Records from a data collection:
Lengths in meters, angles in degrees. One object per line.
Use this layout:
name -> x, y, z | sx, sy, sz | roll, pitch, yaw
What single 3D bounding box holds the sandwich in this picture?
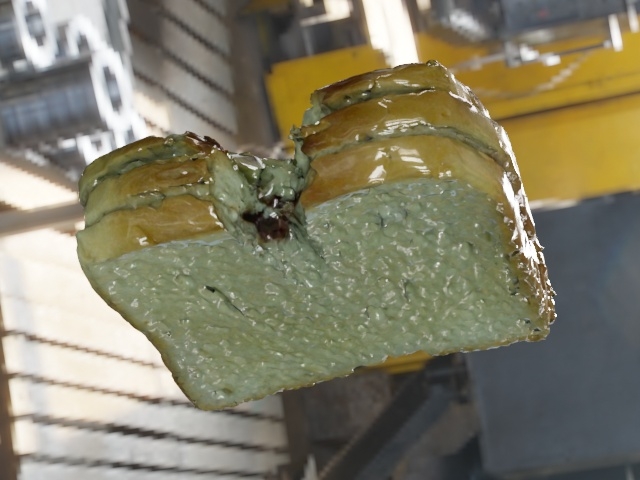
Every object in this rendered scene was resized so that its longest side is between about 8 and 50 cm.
sandwich -> 0.000, 0.001, 0.991 | 0.249, 0.273, 0.095 | 58, 21, -54

_DIRECTIONS:_ Retype the data above exactly; pictures are not part of the copy.

_SOLVED EXERCISE:_
Lengths in meters, angles in degrees. One object per line.
Use this layout:
name -> x, y, z | sx, sy, sz | roll, pitch, yaw
What single 3D bounding box holds the sandwich in this picture?
Every object in this rendered scene was resized so that its longest side is between about 8 and 50 cm.
sandwich -> 0.000, 0.001, 0.991 | 0.249, 0.273, 0.095 | 58, 21, -54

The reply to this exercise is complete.